Судьба всегда в бегах

И все же меня чуть подташнивает, и я решаю пацана поскорее проведать. Может, завтра с утра к нему заскочу.
Вулвергемптон, 1963
Спайк хохотнул и поднял кружку берегового горького на уровень подбородка.
— Ну, Боб, твое здоровье, — когда он лыбился, глаза по обе стороны вдавленной переносицы суживались в слитную горизонтальную щелочку, похожую на второй рот, — и шоб все у тебя было в ажуре!
Весело прищурившись, Боб глотнул пива, оглядел трудяг за столиком. Отличные они ребята, даже Спайк. Спайк, в общем, не такой уж дундук. Ему нравится сидеть в дерьме, и осуждать его за это глупо. Предел Спайковых мечтаний — жить себе поживать и дальше на Шотландцах, транжирить солидный оклад на выпивку и лошадей, которые заведомо не придут первыми. С тех пор как Боб переехал в район коттеджной застройки «У брода», они отдалились друг от друга не только территориально — человечески. Спайк тогда сказал: «Фиг ли ты прешься к черту на рога, да еще за такие бабки, а нам тут скоро квартплату скостят. Во загуляем!»
Загул, по его понятиям, как раз в этом и состоял: нажраться берегового. «Северный берег Молино» по субботам после получки и ставок.

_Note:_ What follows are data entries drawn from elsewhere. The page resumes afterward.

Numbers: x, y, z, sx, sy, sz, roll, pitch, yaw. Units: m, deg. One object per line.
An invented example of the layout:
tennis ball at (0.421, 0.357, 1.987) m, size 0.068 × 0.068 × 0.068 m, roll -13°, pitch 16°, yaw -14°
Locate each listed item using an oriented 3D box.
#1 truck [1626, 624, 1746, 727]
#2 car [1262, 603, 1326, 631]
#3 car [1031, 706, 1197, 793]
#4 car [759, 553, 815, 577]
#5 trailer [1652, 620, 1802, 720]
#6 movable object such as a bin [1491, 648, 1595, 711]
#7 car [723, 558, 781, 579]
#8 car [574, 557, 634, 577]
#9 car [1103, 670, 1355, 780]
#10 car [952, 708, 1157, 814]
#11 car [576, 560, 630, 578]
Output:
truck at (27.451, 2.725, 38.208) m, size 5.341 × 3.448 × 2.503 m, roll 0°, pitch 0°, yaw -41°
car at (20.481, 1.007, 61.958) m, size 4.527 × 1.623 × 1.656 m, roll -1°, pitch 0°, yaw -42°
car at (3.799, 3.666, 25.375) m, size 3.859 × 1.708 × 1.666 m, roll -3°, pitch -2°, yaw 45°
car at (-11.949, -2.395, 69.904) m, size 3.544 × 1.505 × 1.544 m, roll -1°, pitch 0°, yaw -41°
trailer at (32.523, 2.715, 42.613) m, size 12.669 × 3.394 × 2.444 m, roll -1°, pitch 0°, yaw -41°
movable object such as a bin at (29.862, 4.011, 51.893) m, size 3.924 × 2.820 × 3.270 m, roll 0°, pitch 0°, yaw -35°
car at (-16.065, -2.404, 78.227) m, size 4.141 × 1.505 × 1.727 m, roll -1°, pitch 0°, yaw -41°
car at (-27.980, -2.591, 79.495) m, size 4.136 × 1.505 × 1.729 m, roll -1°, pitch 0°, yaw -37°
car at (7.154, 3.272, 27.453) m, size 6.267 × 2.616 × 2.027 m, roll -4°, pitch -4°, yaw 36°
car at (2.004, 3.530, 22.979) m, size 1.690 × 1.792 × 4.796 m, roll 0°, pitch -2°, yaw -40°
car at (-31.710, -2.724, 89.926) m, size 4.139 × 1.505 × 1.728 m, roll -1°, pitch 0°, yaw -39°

Потолок Спайка, выше ему не прыгнуть. Боб тоже рабочий и не стыдится этого, но он рабочий квалифицированный, с будущим. Он обеспечит своим детям пристойную жизнь. Детям. Первый уже на подходе. От этой мысли голова закружилась сильней, чем от стопки рома, опрокинутой прицепом к пиву.
— Ща по второй. Боб, — припечатал Спайк.
— Мне вообще то хорош. В роддом надо подскочить. Врачи говорят, в любой момент.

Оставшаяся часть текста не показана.